Keywords: allo-SCT, cardiovascular risks, long term survivors
Introduction
As increasing numbers of patients have received hematopoietic stem cell transplants (SCT) and survival rates have improved, the population of individuals surviving decades after SCT has expanded. After allogeneic transplantation, 25% of mortality in the first decade is attributed to treatment related causes [1]. While relapse and chronic graft versus host disease (cGVHD) remain the most common causes of mortality, survivors are also faced with endocrine dysfunction, infertility, osteoporosis, pulmonary, renal and immune dysfunction, gynecologic and ophthalmologic problems for many years post SCT [2–7]. Cardiovascular disease, the leading cause of mortality in the general population, is an increasing concern in long term survivors. Due to disease and transplantation related radiation, chemotherapy, immunosuppression, prolonged hospitalizations and deconditioning, the risk of premature death from cardiac complications has been reported to be 2.3 times higher among SCT survivors [1, 8].

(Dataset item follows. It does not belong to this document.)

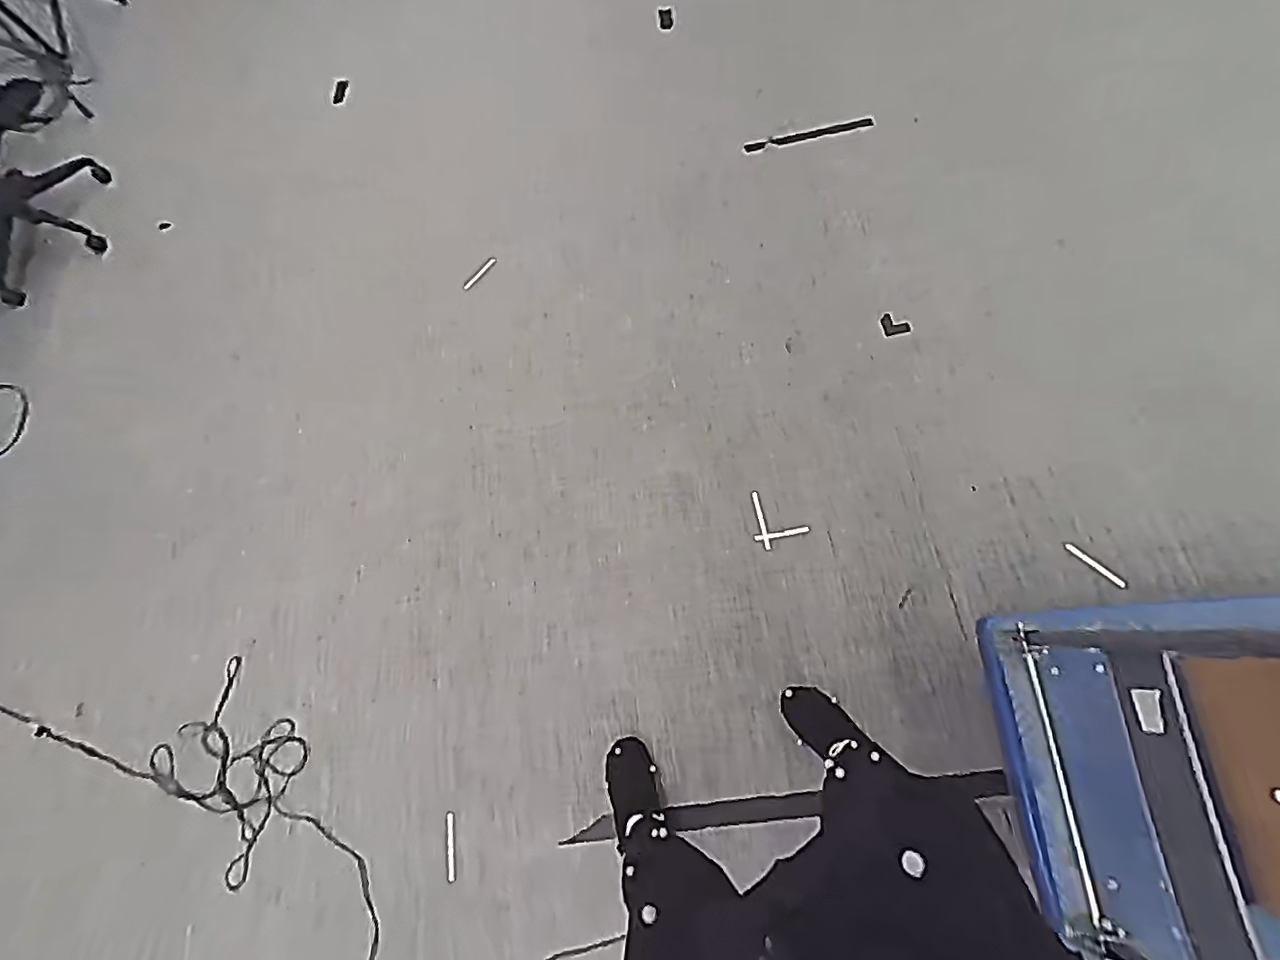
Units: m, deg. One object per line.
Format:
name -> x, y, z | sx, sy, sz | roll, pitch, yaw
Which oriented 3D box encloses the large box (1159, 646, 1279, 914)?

Cardiovascular disease is a chronic condition with a long latency between developing vascular damage and acute cardiovascular events. Symptomatic cardiovascular disease may manifest decades after transplantation, making assessment of the relationship of cardiovascular events to SCT difficult. Alternatively, cardiovascular risk factors are detectible earlier and predict the course of cardiovascular disease. In post-transplant survivors, the well-established risk factors (smoking, hypertension, obesity, diabetes, dyslipidemia, family history, sedentary lifestyle) couple with transplant related factors to increase cardiovascular disease risk [9]. These factors include cumulative exposure to chest irradiation, anthracyclines, transplant conditioning regimen (myeloablative or non-myeloablative), GVHD, endocrine dysfunction and prolonged immunosuppressive therapy.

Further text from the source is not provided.